### [Task input]
↓↓↓

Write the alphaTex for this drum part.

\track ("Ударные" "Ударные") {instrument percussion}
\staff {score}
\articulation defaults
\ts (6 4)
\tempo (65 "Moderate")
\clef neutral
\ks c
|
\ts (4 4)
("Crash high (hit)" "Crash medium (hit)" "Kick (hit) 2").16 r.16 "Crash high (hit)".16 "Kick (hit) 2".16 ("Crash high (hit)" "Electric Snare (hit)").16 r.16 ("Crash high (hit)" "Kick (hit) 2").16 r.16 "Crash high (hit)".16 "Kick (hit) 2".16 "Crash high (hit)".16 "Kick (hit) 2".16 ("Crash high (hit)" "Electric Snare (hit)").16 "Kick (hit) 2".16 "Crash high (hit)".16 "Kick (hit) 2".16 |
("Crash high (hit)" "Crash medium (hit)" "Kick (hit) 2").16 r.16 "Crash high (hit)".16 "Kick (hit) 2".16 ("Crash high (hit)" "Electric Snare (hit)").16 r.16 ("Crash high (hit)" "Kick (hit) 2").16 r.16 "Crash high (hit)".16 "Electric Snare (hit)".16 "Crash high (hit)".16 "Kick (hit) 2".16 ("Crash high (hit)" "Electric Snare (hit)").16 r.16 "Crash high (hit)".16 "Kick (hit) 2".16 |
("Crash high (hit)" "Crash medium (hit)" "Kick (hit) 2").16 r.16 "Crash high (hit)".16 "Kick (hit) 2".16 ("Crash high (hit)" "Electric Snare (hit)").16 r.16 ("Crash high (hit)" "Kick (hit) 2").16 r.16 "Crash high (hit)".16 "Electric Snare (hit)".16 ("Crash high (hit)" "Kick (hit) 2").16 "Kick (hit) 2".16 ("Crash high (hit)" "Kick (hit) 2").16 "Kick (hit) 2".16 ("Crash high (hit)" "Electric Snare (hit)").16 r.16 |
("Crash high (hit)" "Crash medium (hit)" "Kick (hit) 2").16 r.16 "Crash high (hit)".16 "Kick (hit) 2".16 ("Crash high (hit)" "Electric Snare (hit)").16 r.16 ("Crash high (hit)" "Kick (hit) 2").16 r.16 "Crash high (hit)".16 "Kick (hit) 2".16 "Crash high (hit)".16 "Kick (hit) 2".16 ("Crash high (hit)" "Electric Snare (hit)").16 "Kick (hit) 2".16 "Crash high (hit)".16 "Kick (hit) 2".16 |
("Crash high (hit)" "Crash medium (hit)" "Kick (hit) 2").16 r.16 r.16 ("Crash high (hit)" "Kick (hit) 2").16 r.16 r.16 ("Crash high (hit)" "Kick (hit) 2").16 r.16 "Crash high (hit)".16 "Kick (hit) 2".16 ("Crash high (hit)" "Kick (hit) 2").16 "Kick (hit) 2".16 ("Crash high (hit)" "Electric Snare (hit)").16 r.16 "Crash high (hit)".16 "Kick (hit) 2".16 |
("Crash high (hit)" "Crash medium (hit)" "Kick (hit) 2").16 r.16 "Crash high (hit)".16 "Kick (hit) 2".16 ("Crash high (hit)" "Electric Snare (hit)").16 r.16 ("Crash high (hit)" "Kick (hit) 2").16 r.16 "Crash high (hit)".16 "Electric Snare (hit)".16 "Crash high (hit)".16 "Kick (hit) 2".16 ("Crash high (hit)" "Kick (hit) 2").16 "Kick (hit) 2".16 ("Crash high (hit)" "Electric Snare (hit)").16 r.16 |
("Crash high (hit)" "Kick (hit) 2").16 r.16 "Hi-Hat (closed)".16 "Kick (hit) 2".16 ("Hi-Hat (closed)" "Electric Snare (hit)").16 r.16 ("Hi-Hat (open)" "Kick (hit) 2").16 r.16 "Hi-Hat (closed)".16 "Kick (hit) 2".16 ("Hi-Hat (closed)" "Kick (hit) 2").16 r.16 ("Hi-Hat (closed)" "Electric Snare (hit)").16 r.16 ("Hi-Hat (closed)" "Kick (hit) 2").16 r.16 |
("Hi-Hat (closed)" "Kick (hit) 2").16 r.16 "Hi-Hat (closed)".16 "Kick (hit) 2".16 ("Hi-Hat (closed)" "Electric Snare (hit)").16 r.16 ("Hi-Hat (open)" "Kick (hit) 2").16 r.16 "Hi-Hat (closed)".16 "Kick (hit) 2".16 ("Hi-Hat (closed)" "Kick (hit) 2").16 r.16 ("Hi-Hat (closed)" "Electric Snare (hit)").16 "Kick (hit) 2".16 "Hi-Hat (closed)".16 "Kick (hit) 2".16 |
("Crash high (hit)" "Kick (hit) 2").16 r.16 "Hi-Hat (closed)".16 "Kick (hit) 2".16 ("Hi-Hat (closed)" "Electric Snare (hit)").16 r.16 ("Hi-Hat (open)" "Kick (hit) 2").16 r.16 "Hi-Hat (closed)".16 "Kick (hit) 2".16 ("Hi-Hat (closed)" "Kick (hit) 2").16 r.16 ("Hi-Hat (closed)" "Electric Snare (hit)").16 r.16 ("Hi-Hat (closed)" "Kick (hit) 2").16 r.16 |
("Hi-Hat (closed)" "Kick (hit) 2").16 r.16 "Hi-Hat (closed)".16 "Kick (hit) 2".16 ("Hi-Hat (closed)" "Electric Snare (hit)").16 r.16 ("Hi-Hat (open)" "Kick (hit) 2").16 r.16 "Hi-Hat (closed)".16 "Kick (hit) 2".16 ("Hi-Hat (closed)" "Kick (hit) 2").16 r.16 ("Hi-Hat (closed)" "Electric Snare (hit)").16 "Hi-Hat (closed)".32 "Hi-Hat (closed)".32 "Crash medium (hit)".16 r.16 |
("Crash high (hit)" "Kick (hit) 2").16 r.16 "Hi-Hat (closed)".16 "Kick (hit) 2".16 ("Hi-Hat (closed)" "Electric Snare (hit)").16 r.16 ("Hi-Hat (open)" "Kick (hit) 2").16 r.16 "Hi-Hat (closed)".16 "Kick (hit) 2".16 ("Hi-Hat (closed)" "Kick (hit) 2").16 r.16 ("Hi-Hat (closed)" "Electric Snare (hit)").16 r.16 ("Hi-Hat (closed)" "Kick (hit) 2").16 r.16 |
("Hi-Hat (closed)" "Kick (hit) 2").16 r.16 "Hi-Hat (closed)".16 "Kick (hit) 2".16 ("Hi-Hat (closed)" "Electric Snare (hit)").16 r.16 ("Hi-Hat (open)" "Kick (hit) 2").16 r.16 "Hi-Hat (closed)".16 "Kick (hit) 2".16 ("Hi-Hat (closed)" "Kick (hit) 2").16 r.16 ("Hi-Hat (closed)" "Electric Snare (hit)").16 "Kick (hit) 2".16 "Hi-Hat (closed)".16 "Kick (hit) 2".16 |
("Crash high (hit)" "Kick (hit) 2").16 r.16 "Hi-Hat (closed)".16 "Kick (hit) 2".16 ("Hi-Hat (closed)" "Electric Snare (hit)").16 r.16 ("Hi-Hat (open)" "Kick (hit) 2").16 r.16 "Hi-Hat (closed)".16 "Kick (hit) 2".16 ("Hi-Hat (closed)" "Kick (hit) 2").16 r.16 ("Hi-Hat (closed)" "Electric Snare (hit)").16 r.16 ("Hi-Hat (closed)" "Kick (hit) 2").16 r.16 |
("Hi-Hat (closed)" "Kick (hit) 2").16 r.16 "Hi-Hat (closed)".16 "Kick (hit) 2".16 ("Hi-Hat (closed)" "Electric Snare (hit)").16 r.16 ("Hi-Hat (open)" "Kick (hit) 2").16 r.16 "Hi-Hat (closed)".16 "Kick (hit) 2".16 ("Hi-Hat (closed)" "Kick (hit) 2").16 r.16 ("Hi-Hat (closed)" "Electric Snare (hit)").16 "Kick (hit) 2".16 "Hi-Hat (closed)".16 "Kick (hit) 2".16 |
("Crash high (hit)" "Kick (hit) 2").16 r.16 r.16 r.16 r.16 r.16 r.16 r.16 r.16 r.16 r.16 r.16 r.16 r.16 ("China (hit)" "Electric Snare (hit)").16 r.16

↑↑↑
↓↓↓

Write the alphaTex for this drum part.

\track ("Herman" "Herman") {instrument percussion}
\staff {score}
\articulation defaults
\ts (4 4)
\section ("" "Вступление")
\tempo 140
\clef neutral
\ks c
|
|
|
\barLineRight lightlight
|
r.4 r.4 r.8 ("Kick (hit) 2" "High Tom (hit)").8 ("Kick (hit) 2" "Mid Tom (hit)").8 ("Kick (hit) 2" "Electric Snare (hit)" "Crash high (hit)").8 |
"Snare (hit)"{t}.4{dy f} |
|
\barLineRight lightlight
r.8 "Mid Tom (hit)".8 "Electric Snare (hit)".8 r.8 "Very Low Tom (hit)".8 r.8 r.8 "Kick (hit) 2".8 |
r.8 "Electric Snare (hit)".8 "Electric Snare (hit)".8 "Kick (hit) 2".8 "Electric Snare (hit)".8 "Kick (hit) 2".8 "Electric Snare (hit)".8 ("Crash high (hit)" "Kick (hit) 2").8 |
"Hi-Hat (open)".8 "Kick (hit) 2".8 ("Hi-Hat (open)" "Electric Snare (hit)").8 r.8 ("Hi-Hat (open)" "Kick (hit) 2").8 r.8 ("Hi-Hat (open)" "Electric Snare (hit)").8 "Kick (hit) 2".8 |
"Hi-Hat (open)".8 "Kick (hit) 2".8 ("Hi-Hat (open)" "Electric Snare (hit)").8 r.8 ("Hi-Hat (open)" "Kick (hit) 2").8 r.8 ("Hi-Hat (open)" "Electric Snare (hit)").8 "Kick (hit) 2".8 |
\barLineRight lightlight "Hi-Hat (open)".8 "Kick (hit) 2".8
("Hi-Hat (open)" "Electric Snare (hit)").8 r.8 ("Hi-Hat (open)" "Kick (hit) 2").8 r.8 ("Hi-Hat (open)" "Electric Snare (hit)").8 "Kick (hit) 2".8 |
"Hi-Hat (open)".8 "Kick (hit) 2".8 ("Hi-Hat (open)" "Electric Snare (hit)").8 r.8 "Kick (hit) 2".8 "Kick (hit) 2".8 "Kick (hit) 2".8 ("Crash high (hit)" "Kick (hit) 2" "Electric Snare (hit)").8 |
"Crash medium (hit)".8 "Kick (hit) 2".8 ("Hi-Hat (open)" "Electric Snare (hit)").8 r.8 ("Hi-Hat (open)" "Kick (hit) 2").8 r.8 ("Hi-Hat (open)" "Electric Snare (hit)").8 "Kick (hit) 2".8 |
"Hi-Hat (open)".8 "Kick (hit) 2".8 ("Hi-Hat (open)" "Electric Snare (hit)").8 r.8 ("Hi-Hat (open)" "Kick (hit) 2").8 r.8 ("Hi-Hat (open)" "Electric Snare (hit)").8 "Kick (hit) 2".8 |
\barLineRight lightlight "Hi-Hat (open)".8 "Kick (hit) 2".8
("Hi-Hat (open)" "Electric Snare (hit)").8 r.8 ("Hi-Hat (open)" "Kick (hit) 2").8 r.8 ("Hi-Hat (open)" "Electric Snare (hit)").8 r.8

↑↑↑
↓↓↓

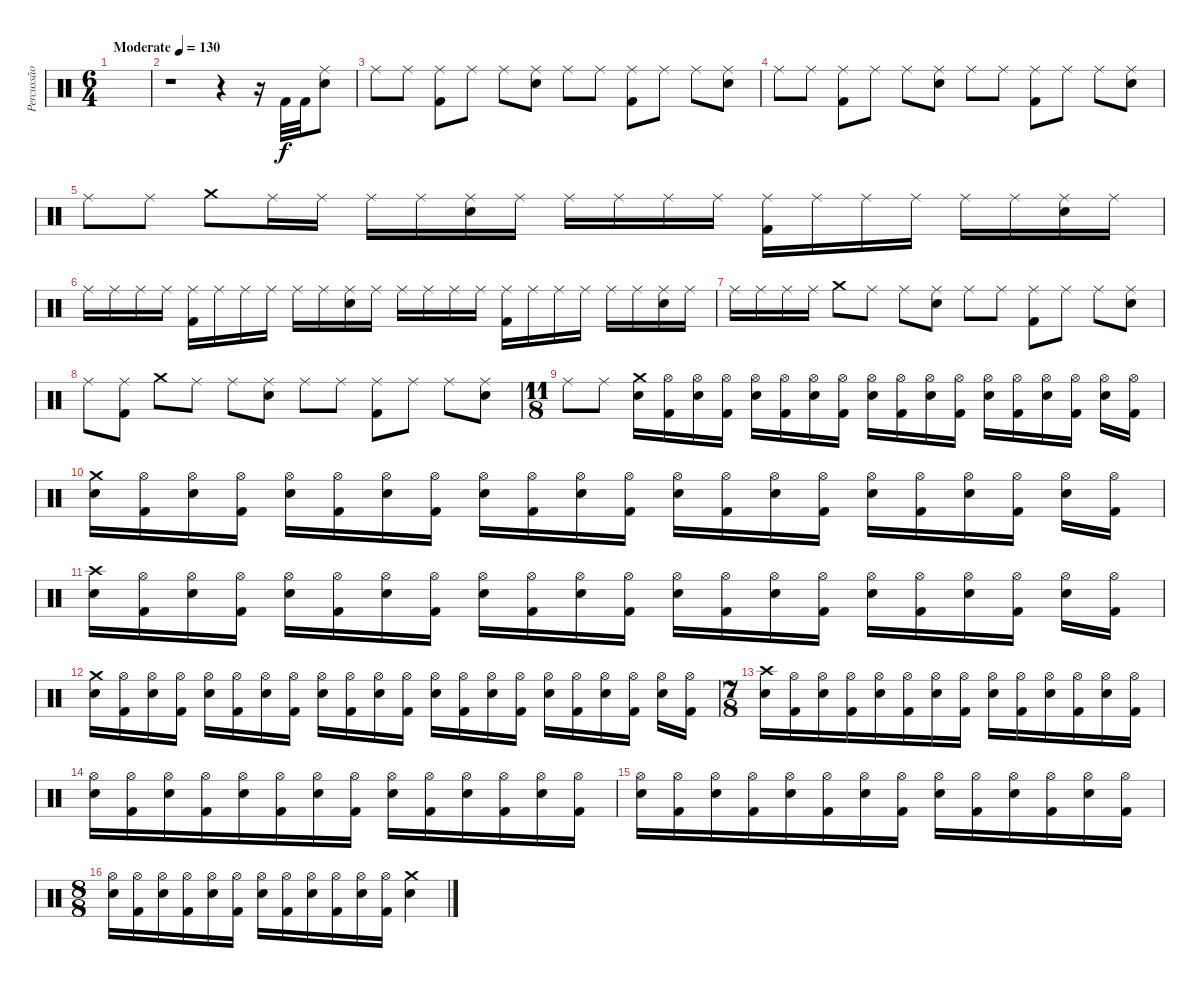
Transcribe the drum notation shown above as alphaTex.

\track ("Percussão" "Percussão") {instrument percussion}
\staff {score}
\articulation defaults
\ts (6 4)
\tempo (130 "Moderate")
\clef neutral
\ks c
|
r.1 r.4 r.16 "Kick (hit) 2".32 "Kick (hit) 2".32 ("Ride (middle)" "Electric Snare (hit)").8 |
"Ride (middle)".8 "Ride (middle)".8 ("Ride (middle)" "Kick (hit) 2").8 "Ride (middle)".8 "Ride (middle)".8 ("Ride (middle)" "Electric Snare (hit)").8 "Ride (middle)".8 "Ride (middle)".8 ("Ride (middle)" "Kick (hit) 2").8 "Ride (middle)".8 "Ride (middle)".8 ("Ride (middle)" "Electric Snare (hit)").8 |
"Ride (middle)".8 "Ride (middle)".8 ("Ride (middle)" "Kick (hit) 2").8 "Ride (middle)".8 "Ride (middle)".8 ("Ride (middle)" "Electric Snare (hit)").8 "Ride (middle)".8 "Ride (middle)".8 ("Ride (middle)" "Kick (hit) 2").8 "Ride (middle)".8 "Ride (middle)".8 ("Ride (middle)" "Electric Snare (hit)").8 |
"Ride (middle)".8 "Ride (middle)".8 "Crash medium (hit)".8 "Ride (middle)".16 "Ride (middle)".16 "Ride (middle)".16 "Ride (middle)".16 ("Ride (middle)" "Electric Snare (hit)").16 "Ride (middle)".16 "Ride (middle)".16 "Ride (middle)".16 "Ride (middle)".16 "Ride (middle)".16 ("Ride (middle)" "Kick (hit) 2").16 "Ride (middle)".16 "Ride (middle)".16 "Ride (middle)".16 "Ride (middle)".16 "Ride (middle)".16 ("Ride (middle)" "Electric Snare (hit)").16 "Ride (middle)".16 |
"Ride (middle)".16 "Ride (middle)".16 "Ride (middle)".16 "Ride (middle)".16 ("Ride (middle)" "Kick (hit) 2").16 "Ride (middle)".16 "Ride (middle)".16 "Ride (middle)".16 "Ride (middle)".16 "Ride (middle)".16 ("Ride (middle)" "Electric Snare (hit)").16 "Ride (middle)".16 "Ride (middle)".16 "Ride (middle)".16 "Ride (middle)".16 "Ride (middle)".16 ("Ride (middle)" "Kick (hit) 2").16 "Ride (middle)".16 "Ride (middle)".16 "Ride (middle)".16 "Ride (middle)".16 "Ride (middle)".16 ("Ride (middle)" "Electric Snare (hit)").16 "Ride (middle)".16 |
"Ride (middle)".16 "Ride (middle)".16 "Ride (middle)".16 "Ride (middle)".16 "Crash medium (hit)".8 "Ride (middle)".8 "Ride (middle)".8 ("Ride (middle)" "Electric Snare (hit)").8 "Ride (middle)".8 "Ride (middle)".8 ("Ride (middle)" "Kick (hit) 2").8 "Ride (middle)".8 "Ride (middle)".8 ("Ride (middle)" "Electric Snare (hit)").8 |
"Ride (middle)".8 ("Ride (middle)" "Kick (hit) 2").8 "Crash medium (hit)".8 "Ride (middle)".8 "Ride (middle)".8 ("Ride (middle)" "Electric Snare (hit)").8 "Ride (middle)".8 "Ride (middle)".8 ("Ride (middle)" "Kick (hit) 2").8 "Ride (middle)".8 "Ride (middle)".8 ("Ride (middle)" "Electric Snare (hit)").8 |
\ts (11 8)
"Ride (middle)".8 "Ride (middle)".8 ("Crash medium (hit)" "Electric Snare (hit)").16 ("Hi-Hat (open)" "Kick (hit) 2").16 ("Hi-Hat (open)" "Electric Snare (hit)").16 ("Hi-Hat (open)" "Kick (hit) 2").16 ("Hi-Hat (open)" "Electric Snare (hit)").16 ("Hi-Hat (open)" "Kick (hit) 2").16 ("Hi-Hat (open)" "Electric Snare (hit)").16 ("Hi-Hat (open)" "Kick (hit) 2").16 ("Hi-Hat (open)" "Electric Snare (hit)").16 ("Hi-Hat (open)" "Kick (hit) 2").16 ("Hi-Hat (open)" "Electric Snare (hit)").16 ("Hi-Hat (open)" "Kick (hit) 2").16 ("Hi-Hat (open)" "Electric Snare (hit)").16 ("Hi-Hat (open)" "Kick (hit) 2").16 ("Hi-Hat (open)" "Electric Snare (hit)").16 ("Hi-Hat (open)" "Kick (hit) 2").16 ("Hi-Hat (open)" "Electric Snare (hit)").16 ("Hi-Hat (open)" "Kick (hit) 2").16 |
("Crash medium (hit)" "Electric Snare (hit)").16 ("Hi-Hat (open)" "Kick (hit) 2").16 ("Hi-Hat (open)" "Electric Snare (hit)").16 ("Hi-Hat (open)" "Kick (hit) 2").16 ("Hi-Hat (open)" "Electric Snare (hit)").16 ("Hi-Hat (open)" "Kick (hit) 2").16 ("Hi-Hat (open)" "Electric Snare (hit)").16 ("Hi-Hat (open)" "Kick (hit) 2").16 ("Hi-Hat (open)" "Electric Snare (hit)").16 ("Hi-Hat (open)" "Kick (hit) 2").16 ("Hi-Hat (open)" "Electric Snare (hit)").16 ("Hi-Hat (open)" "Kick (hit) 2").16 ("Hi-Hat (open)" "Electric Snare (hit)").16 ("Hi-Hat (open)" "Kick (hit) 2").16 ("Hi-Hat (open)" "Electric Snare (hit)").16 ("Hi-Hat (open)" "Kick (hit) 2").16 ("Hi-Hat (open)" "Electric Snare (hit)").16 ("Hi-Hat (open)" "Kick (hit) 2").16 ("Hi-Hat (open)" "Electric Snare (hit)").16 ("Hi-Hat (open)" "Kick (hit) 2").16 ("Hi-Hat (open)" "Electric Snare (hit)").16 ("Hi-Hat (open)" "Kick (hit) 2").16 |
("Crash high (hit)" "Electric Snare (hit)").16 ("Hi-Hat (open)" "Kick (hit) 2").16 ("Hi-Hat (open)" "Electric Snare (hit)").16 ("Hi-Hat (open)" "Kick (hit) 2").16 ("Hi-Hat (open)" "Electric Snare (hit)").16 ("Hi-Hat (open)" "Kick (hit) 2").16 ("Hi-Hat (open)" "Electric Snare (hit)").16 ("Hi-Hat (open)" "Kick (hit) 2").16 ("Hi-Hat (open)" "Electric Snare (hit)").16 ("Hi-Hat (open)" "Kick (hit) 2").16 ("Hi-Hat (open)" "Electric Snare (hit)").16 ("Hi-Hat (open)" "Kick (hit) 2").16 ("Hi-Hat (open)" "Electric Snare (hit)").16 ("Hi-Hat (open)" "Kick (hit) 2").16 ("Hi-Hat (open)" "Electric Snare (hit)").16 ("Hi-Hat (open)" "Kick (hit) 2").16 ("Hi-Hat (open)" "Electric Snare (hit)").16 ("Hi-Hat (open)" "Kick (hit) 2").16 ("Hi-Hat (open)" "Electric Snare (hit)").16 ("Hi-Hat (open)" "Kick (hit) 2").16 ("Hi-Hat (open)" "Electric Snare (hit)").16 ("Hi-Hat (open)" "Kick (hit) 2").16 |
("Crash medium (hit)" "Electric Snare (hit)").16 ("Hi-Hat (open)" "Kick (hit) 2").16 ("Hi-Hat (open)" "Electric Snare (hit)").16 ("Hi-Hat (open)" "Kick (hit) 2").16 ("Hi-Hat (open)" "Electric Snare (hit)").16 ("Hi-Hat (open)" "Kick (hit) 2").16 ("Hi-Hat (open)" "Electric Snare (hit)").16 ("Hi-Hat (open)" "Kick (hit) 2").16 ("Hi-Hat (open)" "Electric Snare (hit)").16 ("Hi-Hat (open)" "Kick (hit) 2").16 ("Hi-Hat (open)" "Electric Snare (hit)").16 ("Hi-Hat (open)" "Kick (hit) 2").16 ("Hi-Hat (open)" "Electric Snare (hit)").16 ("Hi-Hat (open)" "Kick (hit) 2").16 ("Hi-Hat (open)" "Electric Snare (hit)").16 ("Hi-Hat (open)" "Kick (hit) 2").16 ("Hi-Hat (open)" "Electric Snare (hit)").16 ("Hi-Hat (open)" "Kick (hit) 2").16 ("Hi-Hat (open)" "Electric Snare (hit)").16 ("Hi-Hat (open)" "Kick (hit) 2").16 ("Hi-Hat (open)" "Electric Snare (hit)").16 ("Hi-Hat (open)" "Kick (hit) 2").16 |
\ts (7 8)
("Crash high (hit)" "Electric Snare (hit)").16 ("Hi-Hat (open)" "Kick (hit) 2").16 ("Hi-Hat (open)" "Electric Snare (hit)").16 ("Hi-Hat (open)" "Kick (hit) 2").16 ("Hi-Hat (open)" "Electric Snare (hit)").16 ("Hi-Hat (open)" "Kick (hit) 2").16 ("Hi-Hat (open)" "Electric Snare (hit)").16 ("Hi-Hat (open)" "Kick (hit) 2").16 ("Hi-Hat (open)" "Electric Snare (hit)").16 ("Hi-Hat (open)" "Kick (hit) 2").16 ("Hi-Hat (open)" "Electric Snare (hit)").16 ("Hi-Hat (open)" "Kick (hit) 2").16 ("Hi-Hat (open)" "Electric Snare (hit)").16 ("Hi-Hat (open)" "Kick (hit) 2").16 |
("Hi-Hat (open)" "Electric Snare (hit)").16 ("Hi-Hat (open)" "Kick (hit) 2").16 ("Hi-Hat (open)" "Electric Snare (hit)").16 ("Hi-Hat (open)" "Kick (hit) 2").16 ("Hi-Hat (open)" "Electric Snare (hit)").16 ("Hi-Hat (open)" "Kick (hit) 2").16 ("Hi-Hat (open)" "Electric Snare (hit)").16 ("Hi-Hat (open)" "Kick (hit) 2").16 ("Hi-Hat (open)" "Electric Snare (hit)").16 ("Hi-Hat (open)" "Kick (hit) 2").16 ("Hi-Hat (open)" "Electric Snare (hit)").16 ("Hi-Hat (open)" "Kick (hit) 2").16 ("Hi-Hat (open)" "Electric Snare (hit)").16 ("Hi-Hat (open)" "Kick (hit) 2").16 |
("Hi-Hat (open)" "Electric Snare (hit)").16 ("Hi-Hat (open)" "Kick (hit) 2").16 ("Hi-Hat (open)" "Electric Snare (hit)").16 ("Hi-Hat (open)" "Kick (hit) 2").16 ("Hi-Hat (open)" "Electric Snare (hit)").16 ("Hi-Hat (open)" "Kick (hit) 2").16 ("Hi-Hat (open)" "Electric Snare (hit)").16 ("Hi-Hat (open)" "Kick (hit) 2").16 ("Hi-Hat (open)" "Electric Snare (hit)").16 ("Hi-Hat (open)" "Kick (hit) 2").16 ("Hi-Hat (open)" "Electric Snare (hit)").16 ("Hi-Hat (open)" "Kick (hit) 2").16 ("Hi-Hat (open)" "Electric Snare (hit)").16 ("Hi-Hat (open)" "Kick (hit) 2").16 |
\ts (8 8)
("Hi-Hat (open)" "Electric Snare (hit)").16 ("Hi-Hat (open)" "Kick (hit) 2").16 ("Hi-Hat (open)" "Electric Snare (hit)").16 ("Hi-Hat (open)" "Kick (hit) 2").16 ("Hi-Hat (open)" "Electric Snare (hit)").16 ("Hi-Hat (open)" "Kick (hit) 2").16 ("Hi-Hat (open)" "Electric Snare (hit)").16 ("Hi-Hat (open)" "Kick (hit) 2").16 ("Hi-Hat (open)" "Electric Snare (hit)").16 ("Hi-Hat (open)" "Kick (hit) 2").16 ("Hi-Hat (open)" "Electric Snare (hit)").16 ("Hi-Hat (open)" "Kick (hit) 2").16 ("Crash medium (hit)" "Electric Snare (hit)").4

↑↑↑

### [Required work]
Count every line of the material above that holds the string "Moderate", then state only the total.

### [Answer space]
2